The man, identified in Dutch media only as Jonathan M, 41, was taken to court by a foundation protecting the rights of donor children and by the mother of one of the children allegedly fathered from his sperm.

Dutch clinical guidelines say a donor should not father more than 25 children in 12 families, but judges said the man had helped produce between 550 and 600 children since he started donating sperm in 2007.

The court therefore “prohibits the defendant from donating his semen to new prospective parents after the issuing of this judgment”, judge Thera Hesselink said on Friday.

Jonathan M may also not contact any prospective parents “with the wish that he was willing to donate semen … advertise his services to prospective parents or join any organisation that establishes contact between prospective parents”, Hesselink said in a written judgment.

Should he continue with his donations, he would face a €100,000 (£88,000) fine for each transgression, as well as additional fines, the judge ordered.

The mother of one of the children in the court case, identified only as “Eva”, said she was grateful that the court had stopped the man from “mass donations that [have] spread like wildfire to other countries”.

“I’m asking the donor to respect our interests and to accept the verdict, because our children deserve to be left alone,” she said in a statement.

More than 100 of Jonathan M’s children were born in Dutch clinics and others privately, but he also donated to a Danish clinic – named as Cryos in court papers – which then dispatched his semen to private addresses in various countries.

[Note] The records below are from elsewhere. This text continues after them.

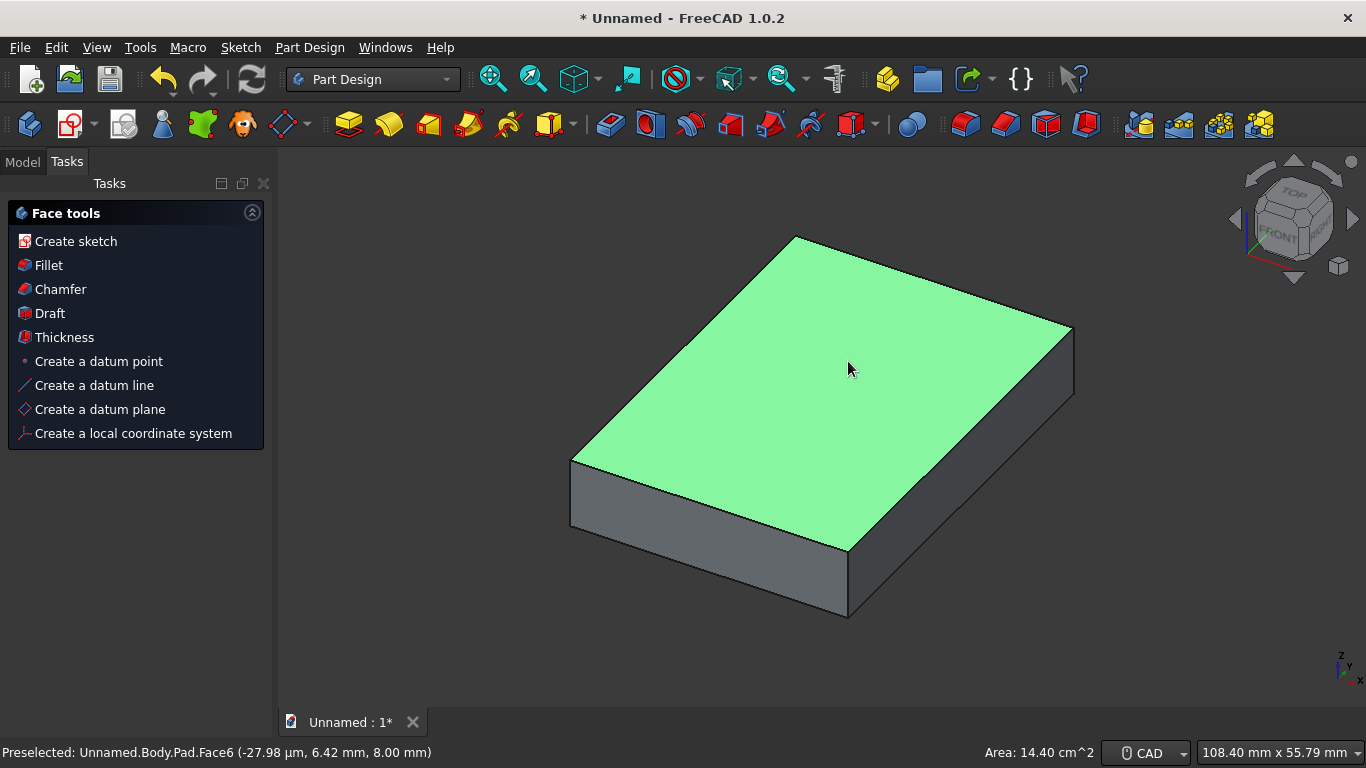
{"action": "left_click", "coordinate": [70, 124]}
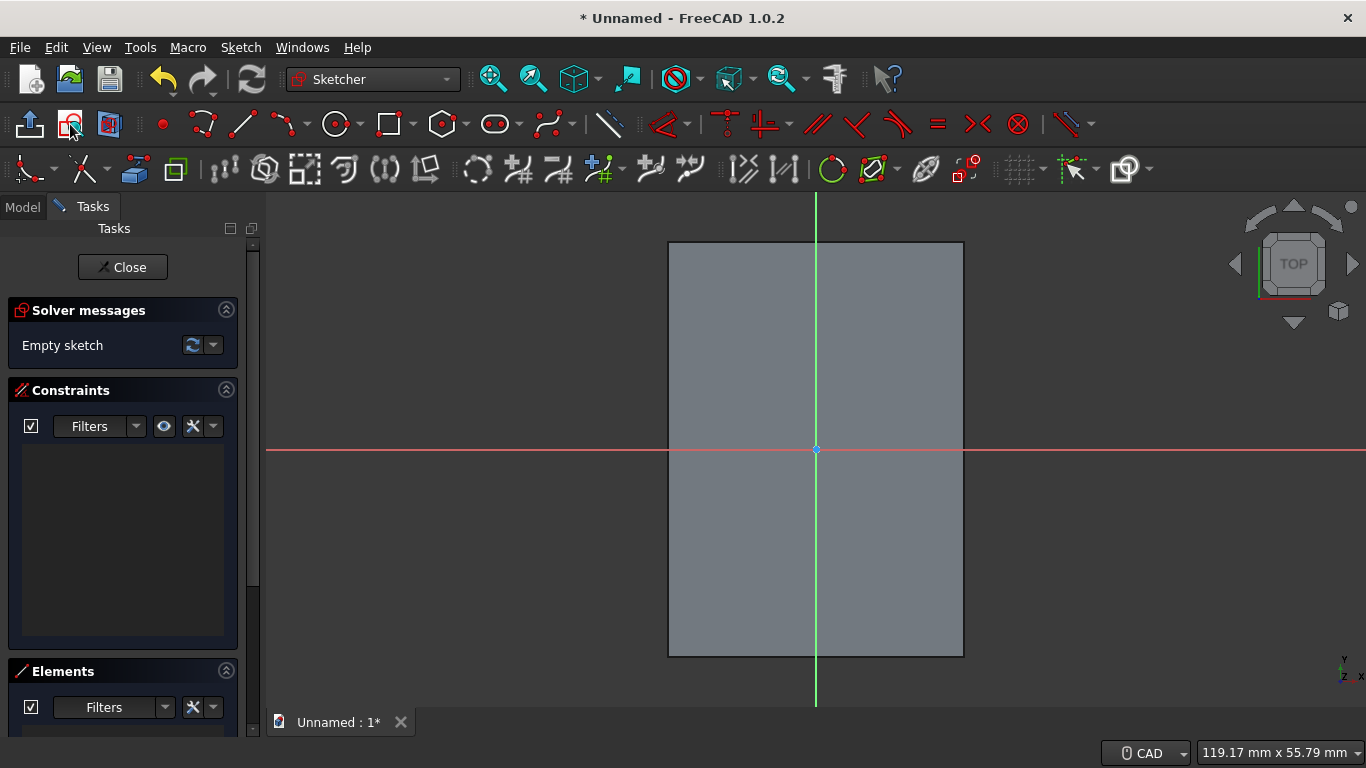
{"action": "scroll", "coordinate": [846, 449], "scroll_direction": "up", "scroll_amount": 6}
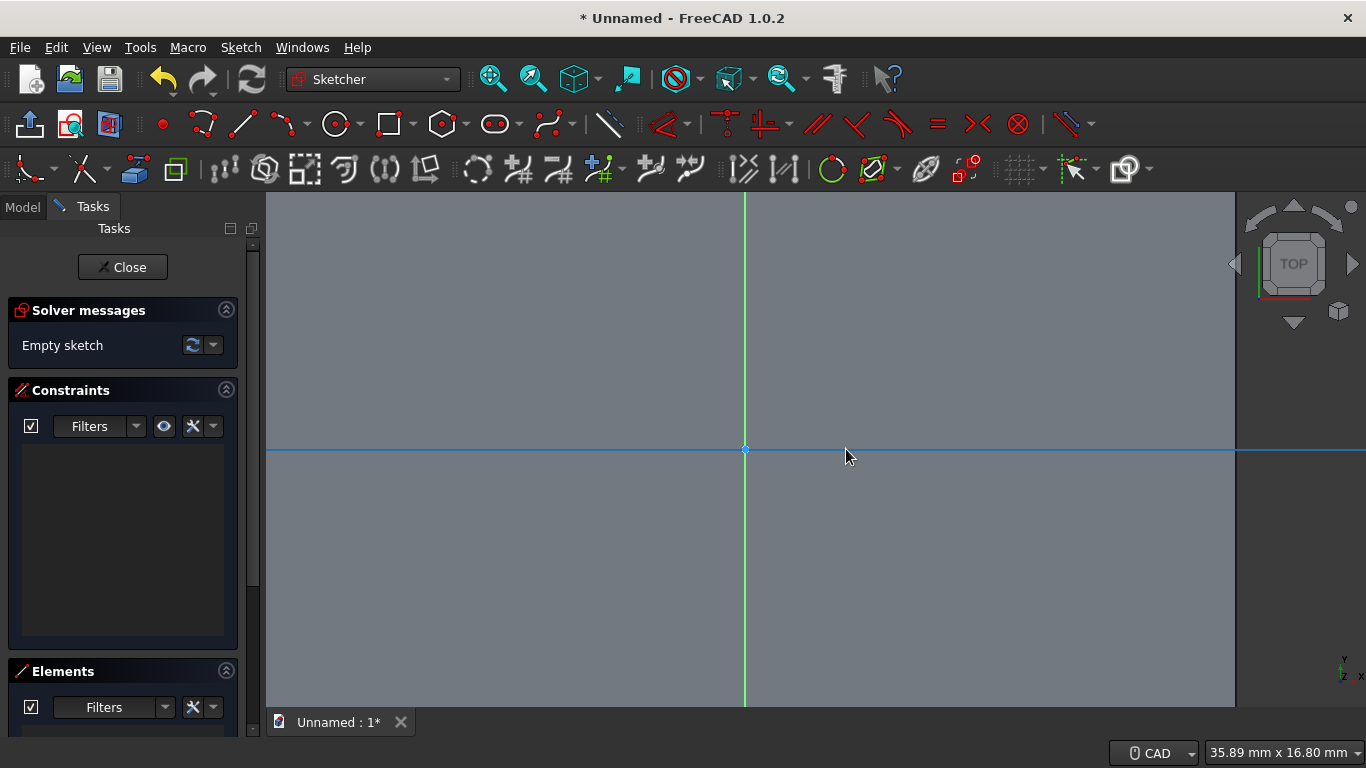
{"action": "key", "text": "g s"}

“The donor deliberately misinformed prospective parents about the number of children he had already fathered in the past,” the district court in The Hague said.

“All these parents are now confronted with the fact that the children in their family are part of a huge kinship network, with hundreds of half-siblings, which they did not choose,” it said.

The court considered it “sufficiently plausible” that this has or could have negative psychosocial consequences for the children.

This included psychological problems around identity and fears of incest.

“The point is that this kinship network with hundreds of half-brothers and half-sisters is much too large,” court spokesperson Gert-Mark Smelt told AFP.

“The interests of the children weigh too heavily and that is why it is forbidden for the gentleman to give further semen.”

Mark de Hek, one of the lawyers in the case, said: “It is the first time that a judge has ruled on such a case and it is encouraging to see this behaviour immediately dealt with.”

The case is the latest in a series of fertility scandals to hit the Netherlands.

In 2020, a deceased gynaecologist was accused of fathering at least 17 children with women who believed they were receiving sperm from anonymous donors.

The year before, it emerged that a Rotterdam doctor had fathered at least 49 children while inseminating women seeking fertility treatment.